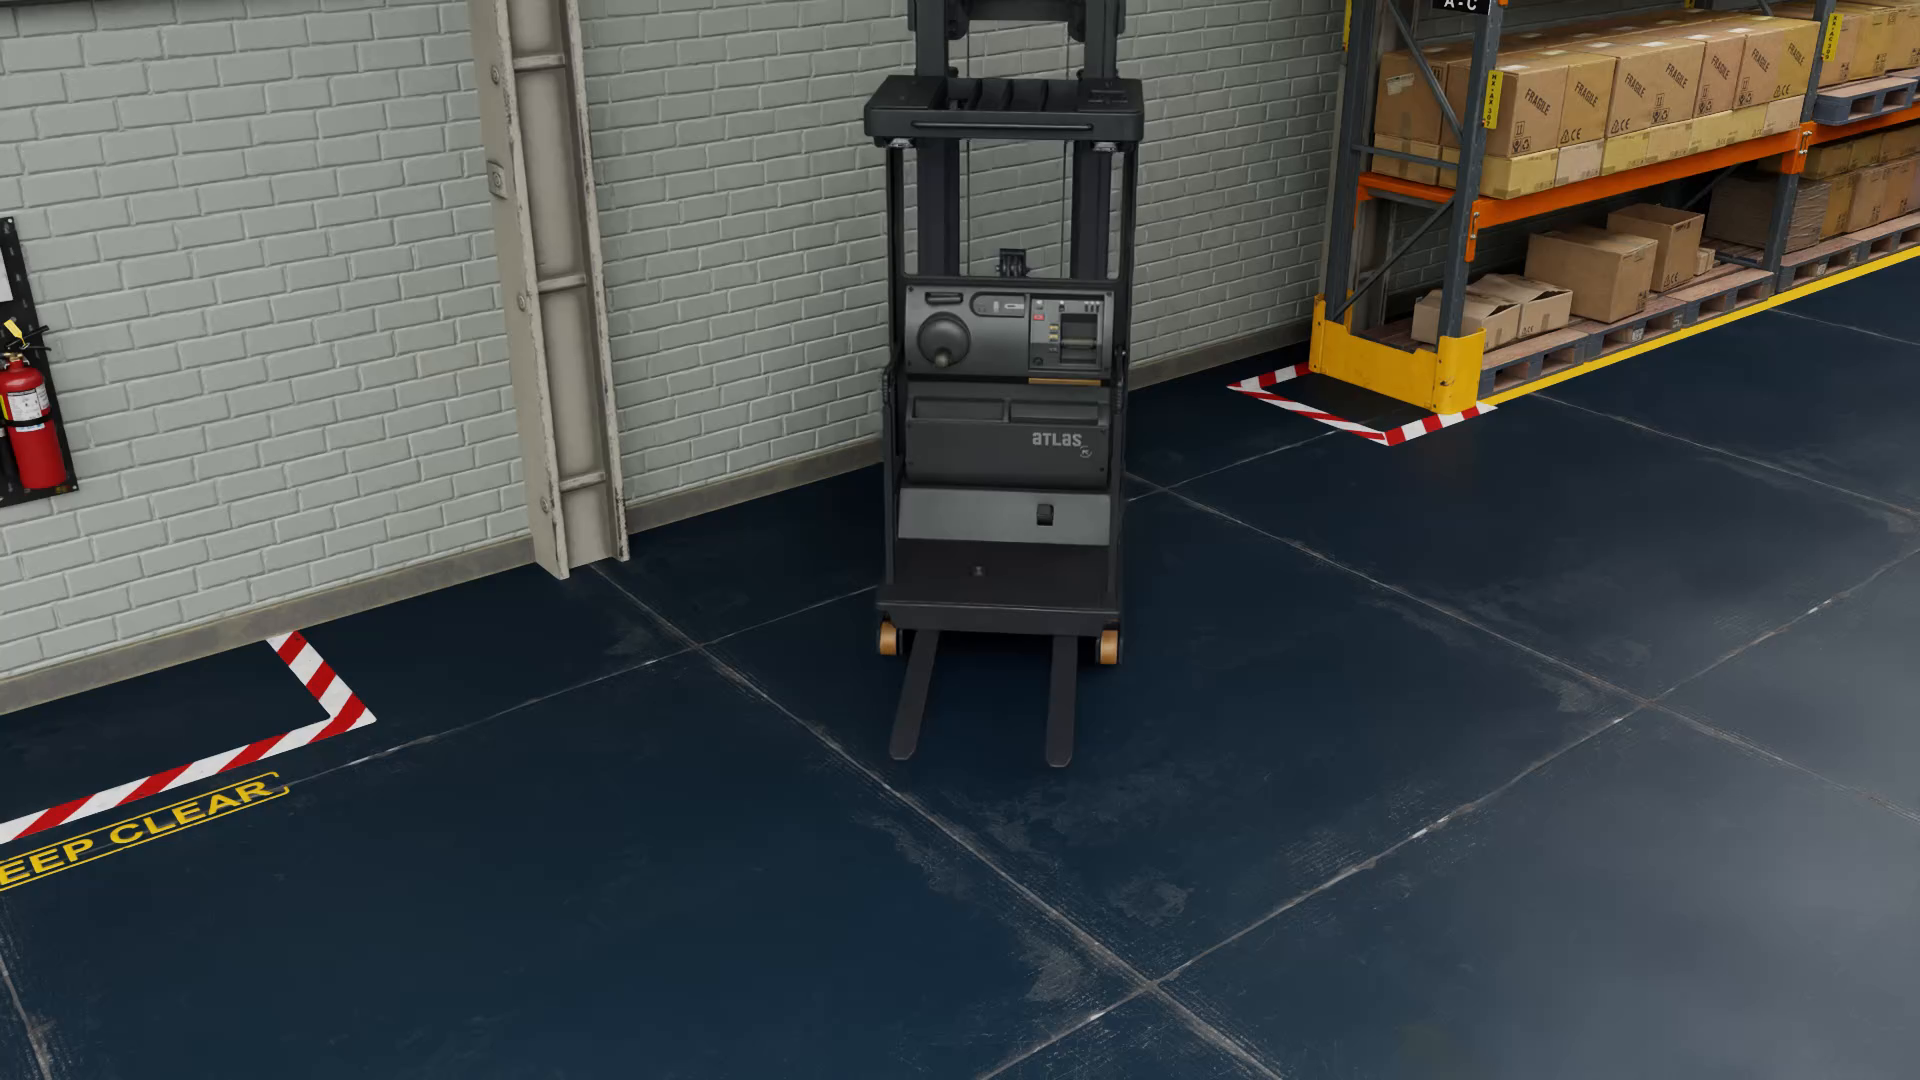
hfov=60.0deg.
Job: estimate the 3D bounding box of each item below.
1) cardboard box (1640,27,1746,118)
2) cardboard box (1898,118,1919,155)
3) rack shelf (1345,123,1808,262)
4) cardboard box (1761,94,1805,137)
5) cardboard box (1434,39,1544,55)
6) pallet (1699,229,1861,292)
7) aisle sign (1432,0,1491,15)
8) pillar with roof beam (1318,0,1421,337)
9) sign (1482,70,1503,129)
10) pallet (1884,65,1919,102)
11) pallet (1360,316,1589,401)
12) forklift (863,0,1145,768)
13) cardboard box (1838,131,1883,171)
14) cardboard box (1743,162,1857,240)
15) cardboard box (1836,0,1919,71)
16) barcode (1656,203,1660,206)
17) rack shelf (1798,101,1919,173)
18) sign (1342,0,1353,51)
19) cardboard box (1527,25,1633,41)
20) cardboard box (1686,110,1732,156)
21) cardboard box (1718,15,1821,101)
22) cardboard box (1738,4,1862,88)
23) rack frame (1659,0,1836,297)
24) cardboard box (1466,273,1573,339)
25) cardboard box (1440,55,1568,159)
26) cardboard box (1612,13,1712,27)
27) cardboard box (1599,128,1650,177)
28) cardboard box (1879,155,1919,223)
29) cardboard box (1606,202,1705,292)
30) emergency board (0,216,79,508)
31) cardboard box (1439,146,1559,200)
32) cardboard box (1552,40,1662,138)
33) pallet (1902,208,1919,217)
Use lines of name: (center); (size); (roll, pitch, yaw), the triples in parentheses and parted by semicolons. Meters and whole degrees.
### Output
cardboard box: (4.938, -3.189, 11.322); (0.500, 0.500, 0.500); (-19, 31, -35)
cardboard box: (8.037, -3.505, 14.295); (0.500, 0.250, 0.500); (-18, 30, -33)
rack shelf: (4.337, -2.546, 11.527); (4.000, 0.370, 1.077); (-18, 31, -34)
cardboard box: (5.725, -3.109, 12.041); (0.500, 0.250, 0.500); (-18, 30, -34)
cardboard box: (3.405, -2.954, 10.816); (0.500, 0.500, 0.500); (-18, 30, -33)
pallet: (6.523, -2.330, 13.519); (1.213, 0.211, 1.003); (-18, 31, -34)
aisle sign: (2.892, -3.414, 9.455); (0.004, 0.787, 0.394); (-18, 31, -34)
pillar with roof beam: (5.437, -4.116, 6.930); (0.400, 9.000, 9.100); (-18, 31, -34)
sign: (3.098, -2.566, 9.687); (0.005, 0.325, 0.100); (-18, 31, -34)
pallet: (7.526, -3.816, 13.637); (1.213, 0.211, 1.003); (-18, 31, -34)
pallet: (3.484, -1.307, 11.315); (1.213, 0.211, 1.003); (-18, 31, -34)
forklift: (0.202, -0.909, 7.226); (1.130, 2.935, 3.031); (2, 25, 4)
cardboard box: (7.232, -3.246, 13.738); (0.500, 0.250, 0.500); (-19, 31, -35)
cardboard box: (6.856, -2.805, 13.678); (0.500, 0.500, 0.700); (-19, 31, -35)
cardboard box: (7.276, -4.082, 13.340); (0.500, 0.500, 0.700); (-14, 28, -27)
barcode: (5.338, -2.542, 12.730); (0.075, 0.075, 0.001); (-18, 31, -34)
rack shelf: (7.485, -3.585, 13.766); (4.000, 0.370, 1.077); (-18, 31, -34)
sign: (2.437, -3.210, 10.353); (0.005, 0.325, 0.100); (-18, 31, -34)
cardboard box: (4.206, -3.221, 11.390); (0.500, 0.500, 0.500); (-18, 30, -33)
cardboard box: (4.942, -2.847, 11.475); (0.500, 0.250, 0.500); (-18, 31, -34)
cardboard box: (5.730, -3.448, 11.879); (0.500, 0.500, 0.500); (-18, 31, -34)
cardboard box: (6.333, -3.758, 12.642); (0.500, 0.500, 0.700); (-18, 30, -34)
rack frame: (5.911, -3.392, 12.495); (0.127, 3.000, 1.000); (-18, 31, -34)
cardboard box: (3.812, -1.631, 11.372); (0.500, 0.311, 0.500); (-15, 29, -30)
cardboard box: (3.325, -2.658, 10.178); (0.500, 0.500, 0.500); (-18, 31, -34)
cardboard box: (5.003, -3.487, 11.964); (0.500, 0.500, 0.500); (-18, 31, -34)
cardboard box: (4.148, -2.585, 10.912); (0.500, 0.250, 0.500); (-19, 31, -35)
cardboard box: (7.674, -3.058, 14.224); (0.500, 0.500, 0.700); (-18, 31, -34)
cardboard box: (5.119, -2.175, 12.319); (0.500, 0.500, 0.500); (-21, 32, -38)
emergency board: (-3.909, -0.633, 6.551); (0.643, 1.169, 0.194); (-18, 31, -34)
cardboard box: (3.343, -2.315, 10.330); (0.500, 0.250, 0.500); (-19, 31, -35)
cardboard box: (4.130, -2.916, 10.733); (0.500, 0.500, 0.500); (-19, 31, -36)
pallet: (8.443, -2.963, 14.885); (1.213, 0.211, 1.003); (-18, 31, -34)

..............................

» **Problem**: Output, from the data above, the lines from the line with "11) pallet (1360,316,1589,401)" to the line with "17) rack shelf (1798,101,1919,173)" exactly as they stand, both ends included and nothing else.

» **Response to the task**:
11) pallet (1360,316,1589,401)
12) forklift (863,0,1145,768)
13) cardboard box (1838,131,1883,171)
14) cardboard box (1743,162,1857,240)
15) cardboard box (1836,0,1919,71)
16) barcode (1656,203,1660,206)
17) rack shelf (1798,101,1919,173)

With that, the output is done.